◆ About this exercise: Nothing but the lines from the first line of the records below to the line holding "table_cell Природа живая" belongs in the answer, copied exactly and without pictures.

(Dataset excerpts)
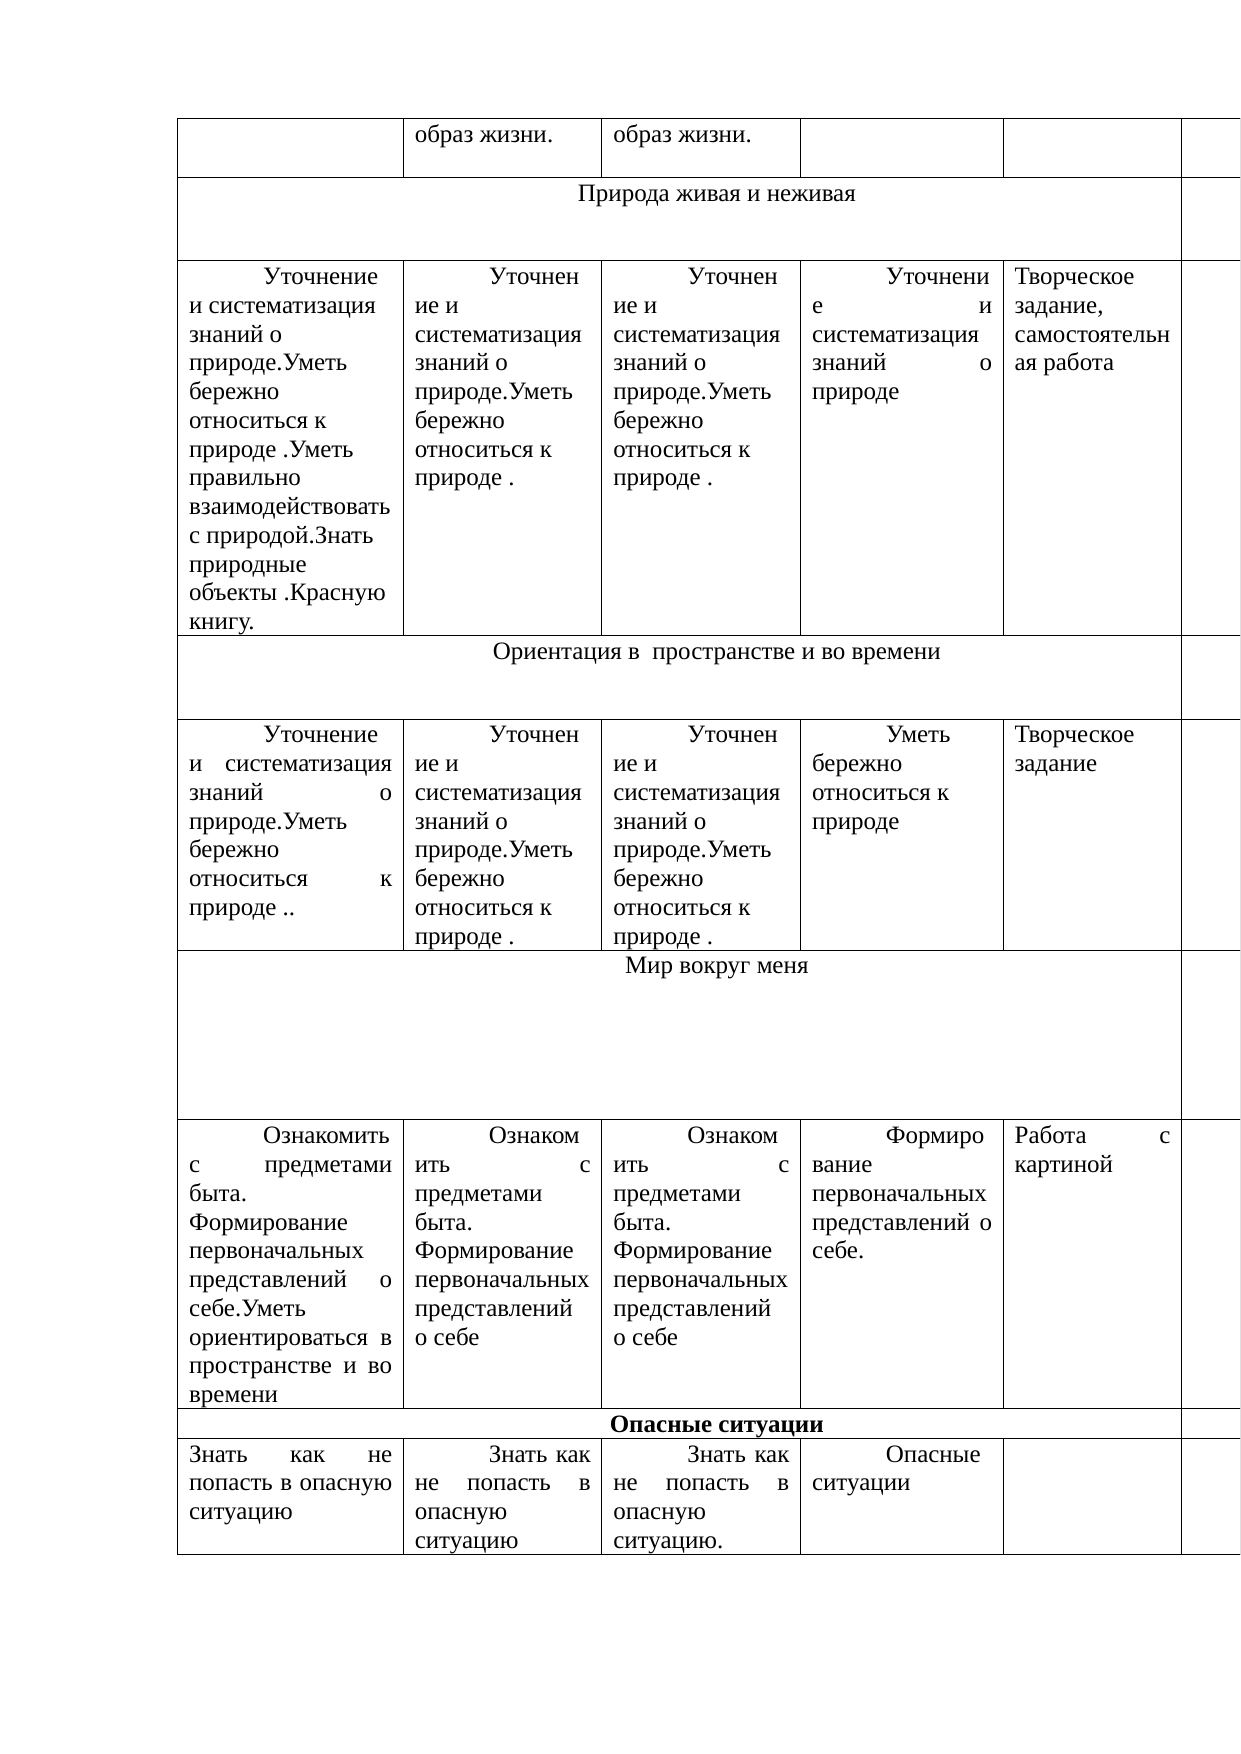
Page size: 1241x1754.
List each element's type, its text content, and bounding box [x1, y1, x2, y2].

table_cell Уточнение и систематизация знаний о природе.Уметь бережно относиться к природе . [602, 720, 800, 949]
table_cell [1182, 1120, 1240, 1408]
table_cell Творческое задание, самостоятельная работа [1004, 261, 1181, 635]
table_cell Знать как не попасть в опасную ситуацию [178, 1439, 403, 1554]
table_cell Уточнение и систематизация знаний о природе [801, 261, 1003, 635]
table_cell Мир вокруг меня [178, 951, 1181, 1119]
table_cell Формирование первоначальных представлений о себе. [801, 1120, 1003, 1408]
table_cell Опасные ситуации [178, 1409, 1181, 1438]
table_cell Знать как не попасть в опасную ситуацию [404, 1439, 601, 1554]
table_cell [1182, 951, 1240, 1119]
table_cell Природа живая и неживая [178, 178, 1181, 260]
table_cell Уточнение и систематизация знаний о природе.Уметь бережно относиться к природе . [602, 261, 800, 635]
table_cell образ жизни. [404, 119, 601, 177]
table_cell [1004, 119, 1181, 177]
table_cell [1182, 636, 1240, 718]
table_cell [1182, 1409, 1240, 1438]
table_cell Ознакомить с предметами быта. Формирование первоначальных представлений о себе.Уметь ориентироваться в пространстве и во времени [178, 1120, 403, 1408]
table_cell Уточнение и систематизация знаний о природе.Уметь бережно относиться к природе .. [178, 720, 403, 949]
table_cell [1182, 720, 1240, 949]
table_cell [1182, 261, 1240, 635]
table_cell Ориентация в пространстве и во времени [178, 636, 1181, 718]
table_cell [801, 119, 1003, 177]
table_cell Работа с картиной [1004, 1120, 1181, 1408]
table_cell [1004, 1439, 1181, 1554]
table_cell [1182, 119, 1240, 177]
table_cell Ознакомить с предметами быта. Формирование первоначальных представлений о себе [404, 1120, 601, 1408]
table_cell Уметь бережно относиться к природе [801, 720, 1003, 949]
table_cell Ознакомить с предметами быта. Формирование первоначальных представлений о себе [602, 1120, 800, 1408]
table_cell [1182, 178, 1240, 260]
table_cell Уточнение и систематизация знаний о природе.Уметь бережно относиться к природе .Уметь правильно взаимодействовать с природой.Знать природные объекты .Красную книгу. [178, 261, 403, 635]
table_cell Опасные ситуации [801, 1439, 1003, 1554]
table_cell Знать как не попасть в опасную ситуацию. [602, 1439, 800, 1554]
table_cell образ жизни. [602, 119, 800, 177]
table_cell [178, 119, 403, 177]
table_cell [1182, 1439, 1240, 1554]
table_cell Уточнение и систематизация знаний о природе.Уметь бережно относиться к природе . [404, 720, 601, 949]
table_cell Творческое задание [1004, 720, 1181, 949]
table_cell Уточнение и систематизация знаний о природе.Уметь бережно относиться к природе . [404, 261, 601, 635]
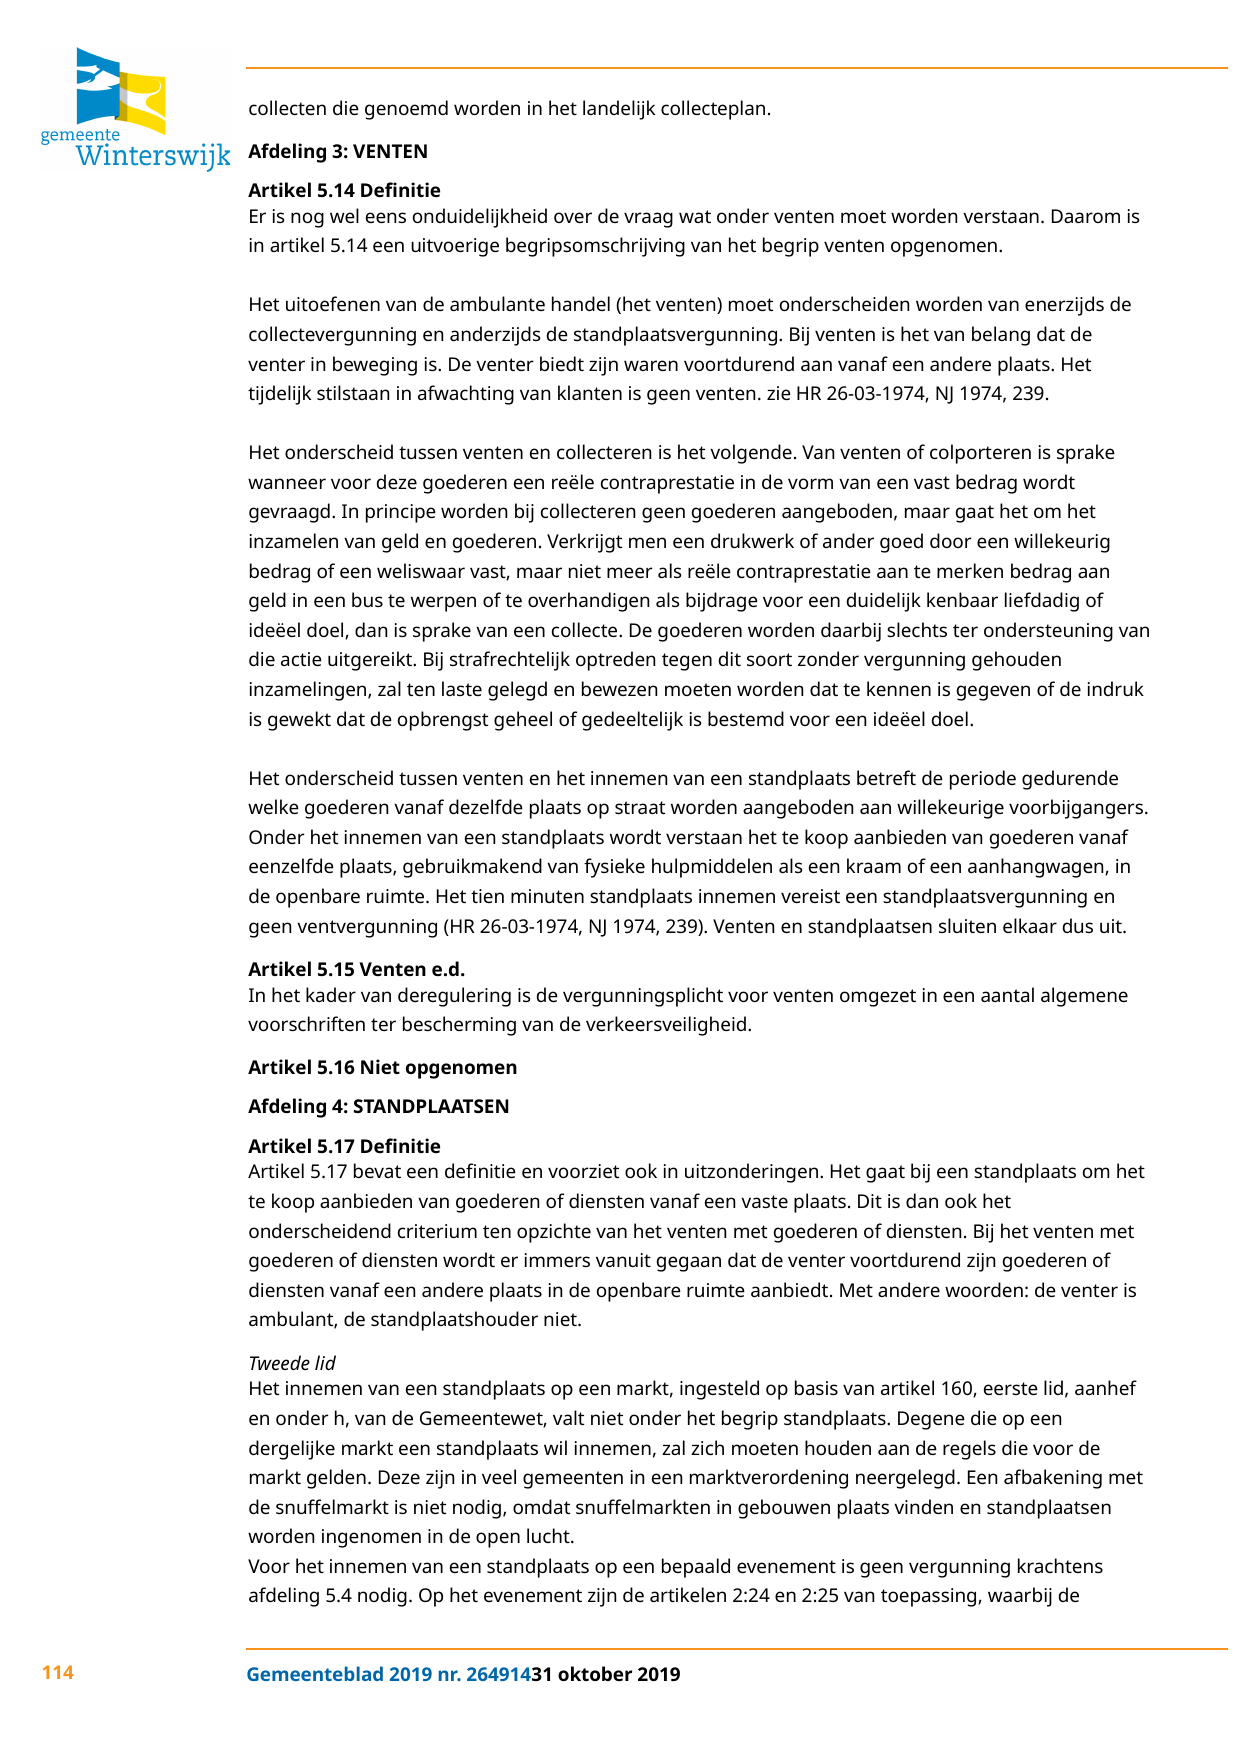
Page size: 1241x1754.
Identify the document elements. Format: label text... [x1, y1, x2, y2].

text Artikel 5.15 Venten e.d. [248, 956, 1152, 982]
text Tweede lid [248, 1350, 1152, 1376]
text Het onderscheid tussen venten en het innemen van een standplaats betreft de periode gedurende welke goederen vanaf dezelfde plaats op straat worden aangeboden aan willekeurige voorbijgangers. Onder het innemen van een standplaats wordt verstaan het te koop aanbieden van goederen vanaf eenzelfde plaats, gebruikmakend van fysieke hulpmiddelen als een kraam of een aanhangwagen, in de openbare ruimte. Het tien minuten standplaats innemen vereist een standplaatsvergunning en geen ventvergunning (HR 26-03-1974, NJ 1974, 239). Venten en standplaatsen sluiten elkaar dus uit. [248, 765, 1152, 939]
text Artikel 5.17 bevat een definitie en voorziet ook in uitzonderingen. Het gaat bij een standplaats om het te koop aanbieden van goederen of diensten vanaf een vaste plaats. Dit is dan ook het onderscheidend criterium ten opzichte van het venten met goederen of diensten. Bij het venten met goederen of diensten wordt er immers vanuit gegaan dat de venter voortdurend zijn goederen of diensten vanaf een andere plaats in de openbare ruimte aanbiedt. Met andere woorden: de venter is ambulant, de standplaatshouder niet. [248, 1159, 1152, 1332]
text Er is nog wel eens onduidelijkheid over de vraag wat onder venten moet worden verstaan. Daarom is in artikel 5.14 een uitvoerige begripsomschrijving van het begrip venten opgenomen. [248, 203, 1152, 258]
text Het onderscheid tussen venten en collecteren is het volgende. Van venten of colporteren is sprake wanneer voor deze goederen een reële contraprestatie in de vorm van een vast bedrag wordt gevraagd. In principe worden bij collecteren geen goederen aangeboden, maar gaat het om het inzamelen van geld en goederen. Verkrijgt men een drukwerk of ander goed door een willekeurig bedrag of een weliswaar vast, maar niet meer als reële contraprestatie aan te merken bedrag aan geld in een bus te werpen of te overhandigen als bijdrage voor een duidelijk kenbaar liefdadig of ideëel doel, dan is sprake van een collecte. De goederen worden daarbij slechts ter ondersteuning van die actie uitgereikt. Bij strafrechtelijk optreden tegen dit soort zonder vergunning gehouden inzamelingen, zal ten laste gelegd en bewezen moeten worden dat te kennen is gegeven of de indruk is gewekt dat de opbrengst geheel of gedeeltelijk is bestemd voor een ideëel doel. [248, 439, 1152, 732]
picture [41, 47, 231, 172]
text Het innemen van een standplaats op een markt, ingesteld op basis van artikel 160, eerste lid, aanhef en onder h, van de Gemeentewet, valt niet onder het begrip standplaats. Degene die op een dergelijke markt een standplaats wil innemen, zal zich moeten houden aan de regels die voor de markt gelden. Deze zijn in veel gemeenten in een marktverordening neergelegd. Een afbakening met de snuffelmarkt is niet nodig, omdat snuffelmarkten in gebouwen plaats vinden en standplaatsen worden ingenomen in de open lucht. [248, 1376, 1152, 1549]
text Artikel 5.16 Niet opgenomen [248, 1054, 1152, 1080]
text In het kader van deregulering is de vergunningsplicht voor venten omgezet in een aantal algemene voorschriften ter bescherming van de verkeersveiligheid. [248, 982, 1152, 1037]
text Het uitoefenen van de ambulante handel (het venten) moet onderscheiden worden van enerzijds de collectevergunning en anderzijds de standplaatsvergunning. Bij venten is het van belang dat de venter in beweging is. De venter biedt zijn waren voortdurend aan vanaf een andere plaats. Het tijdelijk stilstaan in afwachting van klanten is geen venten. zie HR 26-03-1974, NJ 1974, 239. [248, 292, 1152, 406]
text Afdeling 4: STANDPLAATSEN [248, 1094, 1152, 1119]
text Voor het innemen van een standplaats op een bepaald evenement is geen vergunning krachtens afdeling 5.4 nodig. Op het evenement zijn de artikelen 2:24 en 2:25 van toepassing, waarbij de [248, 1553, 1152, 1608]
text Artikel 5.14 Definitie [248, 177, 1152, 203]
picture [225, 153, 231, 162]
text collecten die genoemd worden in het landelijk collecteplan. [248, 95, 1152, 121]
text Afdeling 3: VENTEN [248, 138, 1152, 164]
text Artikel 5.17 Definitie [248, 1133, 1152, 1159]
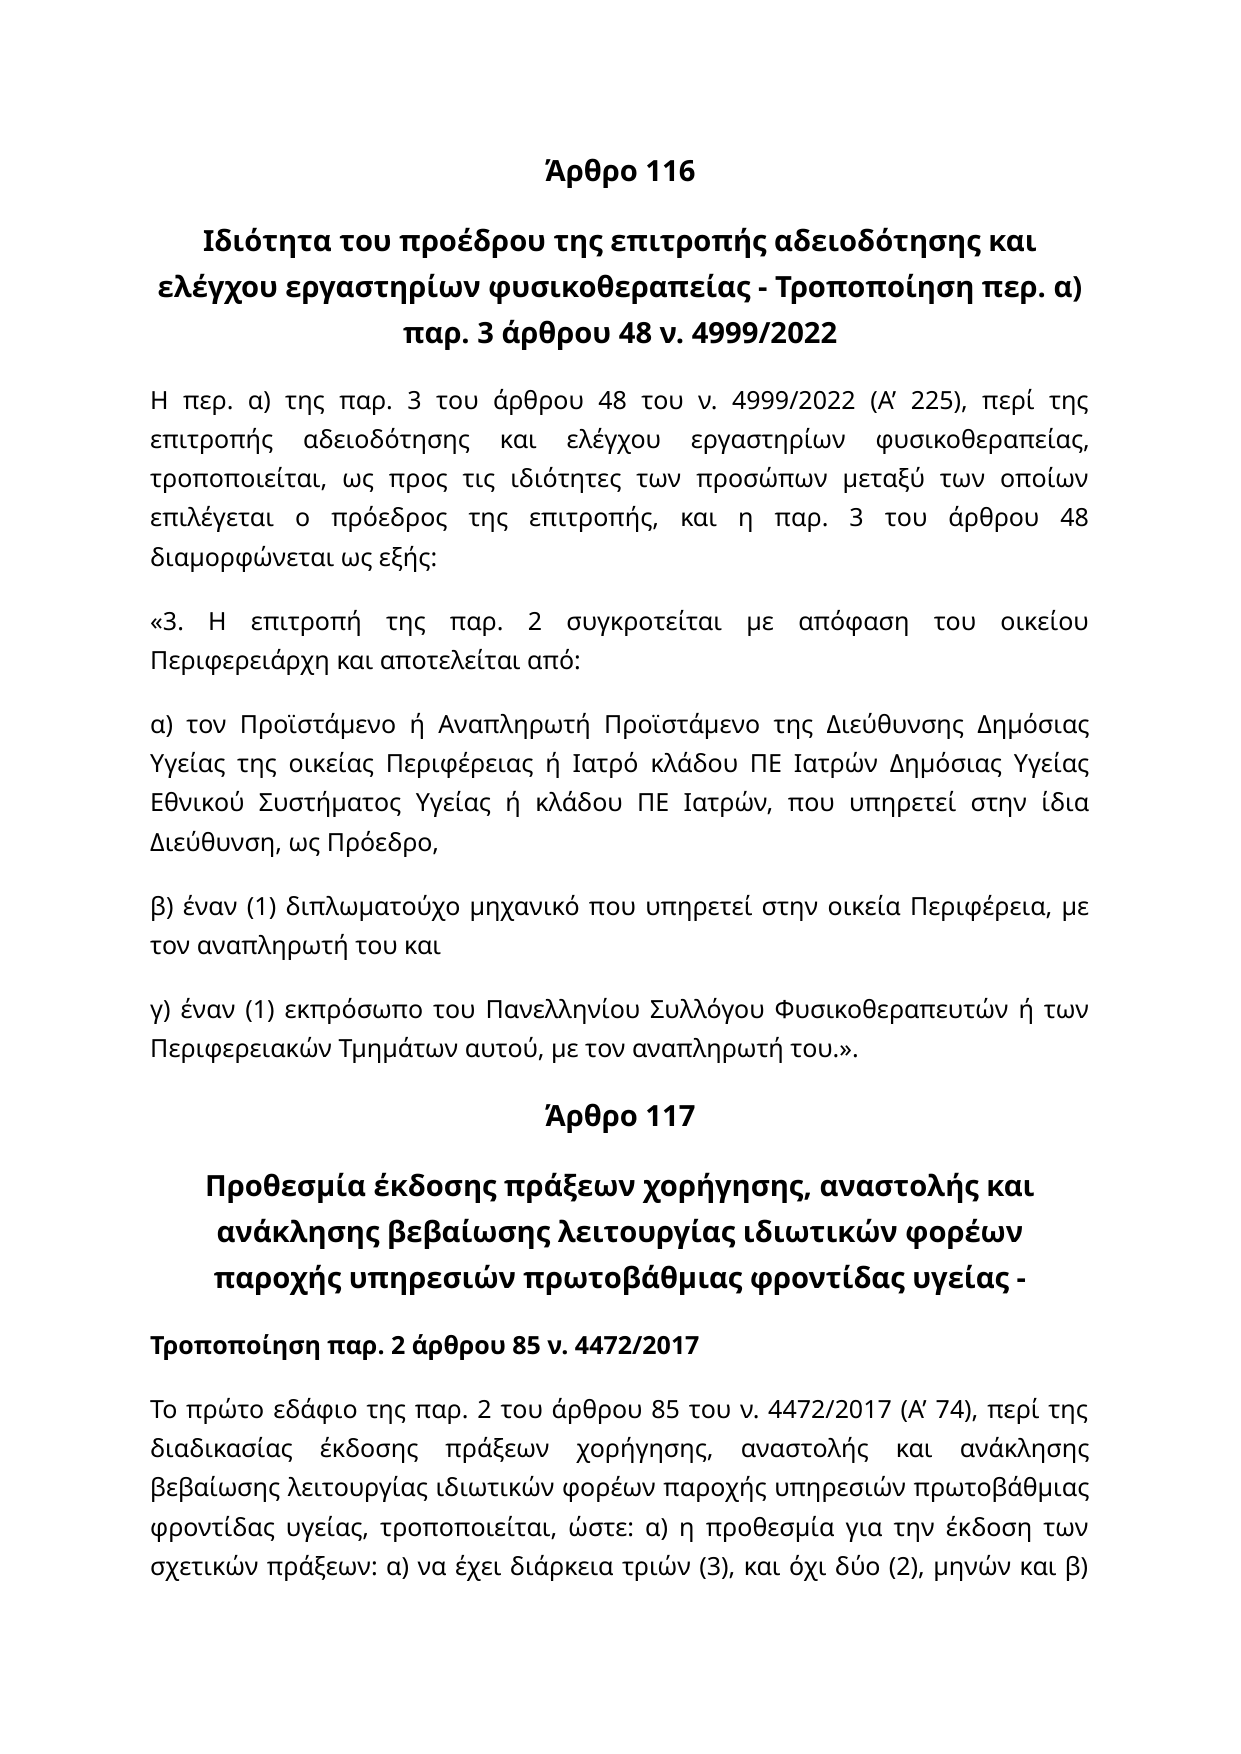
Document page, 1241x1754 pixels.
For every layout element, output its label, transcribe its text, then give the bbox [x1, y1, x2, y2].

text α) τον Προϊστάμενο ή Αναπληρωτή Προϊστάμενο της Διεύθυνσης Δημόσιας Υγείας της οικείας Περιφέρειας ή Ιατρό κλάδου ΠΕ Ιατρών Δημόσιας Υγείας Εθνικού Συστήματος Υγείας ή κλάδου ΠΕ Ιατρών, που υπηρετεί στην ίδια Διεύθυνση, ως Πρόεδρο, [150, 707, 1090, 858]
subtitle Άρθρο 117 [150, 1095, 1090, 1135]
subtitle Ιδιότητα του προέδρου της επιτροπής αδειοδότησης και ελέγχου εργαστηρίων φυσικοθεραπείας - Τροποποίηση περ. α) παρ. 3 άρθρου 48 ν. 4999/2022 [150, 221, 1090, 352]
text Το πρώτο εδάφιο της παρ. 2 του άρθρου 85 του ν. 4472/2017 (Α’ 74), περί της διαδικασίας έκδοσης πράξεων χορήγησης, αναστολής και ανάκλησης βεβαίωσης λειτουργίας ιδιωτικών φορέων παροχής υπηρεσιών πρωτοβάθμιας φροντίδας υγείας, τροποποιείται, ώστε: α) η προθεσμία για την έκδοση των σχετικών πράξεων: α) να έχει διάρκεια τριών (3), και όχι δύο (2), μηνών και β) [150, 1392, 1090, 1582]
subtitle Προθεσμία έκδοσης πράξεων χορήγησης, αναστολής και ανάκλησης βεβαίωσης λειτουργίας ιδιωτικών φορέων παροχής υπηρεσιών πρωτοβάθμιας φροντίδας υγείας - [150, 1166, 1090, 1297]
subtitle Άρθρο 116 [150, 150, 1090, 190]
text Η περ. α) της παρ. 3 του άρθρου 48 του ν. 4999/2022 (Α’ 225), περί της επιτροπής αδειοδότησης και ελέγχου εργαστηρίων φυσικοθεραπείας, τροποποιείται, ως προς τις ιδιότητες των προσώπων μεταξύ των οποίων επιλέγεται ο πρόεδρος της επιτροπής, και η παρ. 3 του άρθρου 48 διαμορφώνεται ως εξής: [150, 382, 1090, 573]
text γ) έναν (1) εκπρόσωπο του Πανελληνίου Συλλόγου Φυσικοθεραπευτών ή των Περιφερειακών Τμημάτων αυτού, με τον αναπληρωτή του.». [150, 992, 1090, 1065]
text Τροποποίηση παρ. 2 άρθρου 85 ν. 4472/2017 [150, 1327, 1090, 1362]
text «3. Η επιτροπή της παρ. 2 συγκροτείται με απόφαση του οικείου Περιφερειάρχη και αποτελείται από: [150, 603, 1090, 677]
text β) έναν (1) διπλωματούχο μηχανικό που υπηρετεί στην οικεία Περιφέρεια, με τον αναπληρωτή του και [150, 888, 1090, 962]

◆ Exercise answer:
Page size: 1241x1754.
List each element's type, its text content, and bounding box [x1, y1, x2, y2].

table_cell Уточнение и систематизация знаний о природе.Уметь бережно относиться к природе . [602, 720, 800, 949]
table_cell [1182, 1120, 1240, 1408]
table_cell Творческое задание, самостоятельная работа [1004, 261, 1181, 635]
table_cell Знать как не попасть в опасную ситуацию [178, 1439, 403, 1554]
table_cell Уточнение и систематизация знаний о природе [801, 261, 1003, 635]
table_cell Мир вокруг меня [178, 951, 1181, 1119]
table_cell Формирование первоначальных представлений о себе. [801, 1120, 1003, 1408]
table_cell Опасные ситуации [178, 1409, 1181, 1438]
table_cell Знать как не попасть в опасную ситуацию [404, 1439, 601, 1554]
table_cell [1182, 951, 1240, 1119]
table_cell Природа живая и неживая [178, 178, 1181, 260]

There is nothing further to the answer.